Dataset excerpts
________
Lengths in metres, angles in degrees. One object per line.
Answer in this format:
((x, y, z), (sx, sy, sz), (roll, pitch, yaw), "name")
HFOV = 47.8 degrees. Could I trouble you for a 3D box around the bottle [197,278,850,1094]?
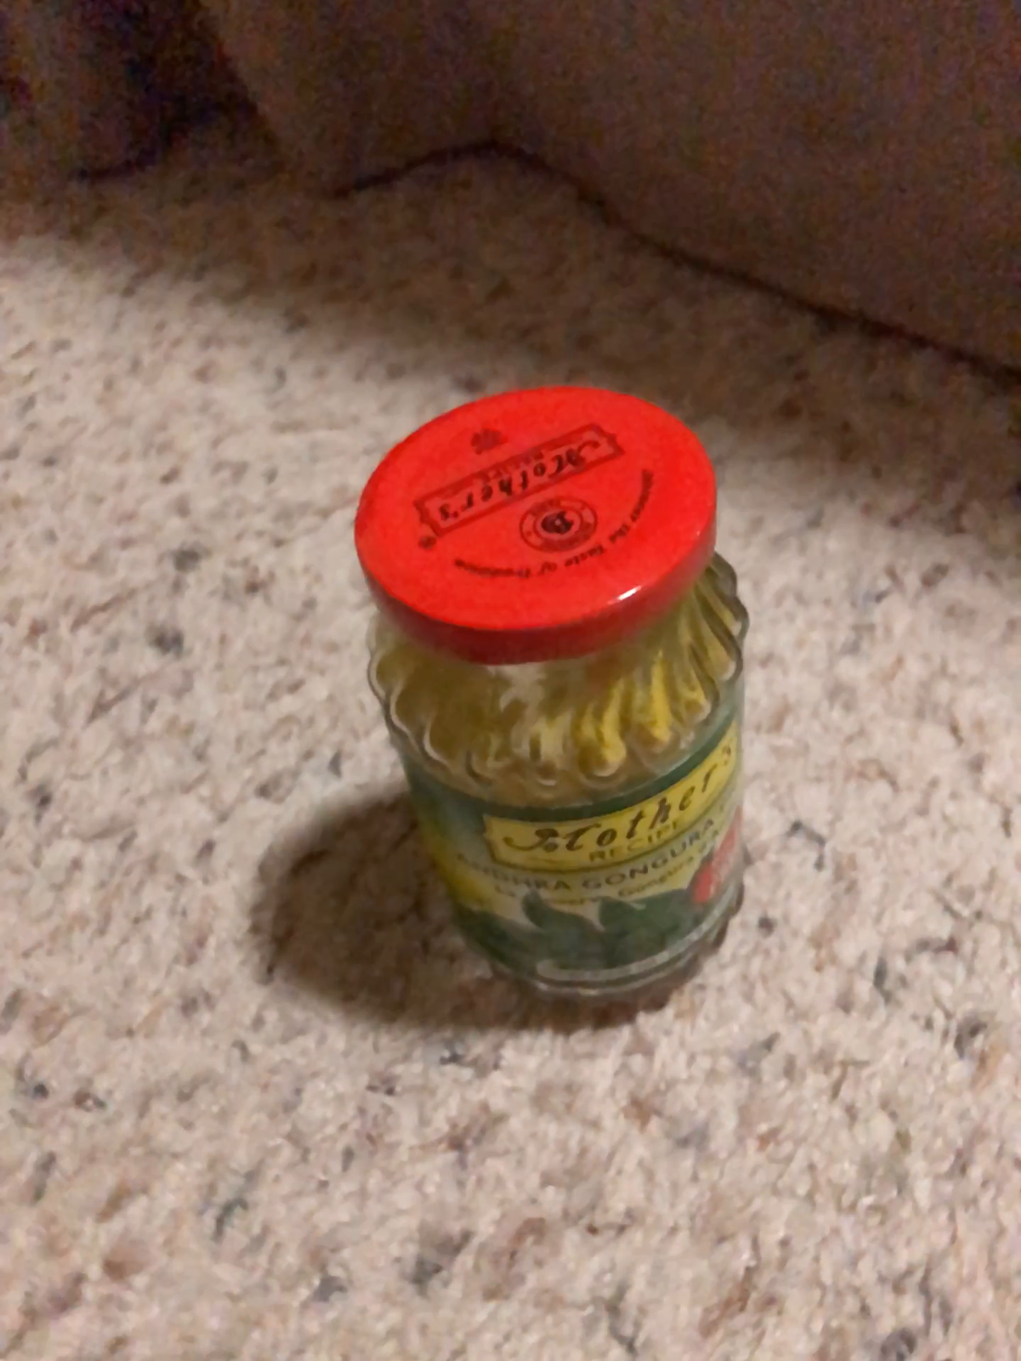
((0.004, 0.006, 0.201), (0.070, 0.110, 0.070), (-5, 50, 6), "bottle")
________
Return exactly the line containing "HFOV = 47.8" and every line after it, up to and including the final line of the entries above. Pictures stay out.

HFOV = 47.8 degrees. Could I trouble you for a 3D box around the bottle [197,278,850,1094]?
((0.004, 0.006, 0.201), (0.070, 0.110, 0.070), (-5, 50, 6), "bottle")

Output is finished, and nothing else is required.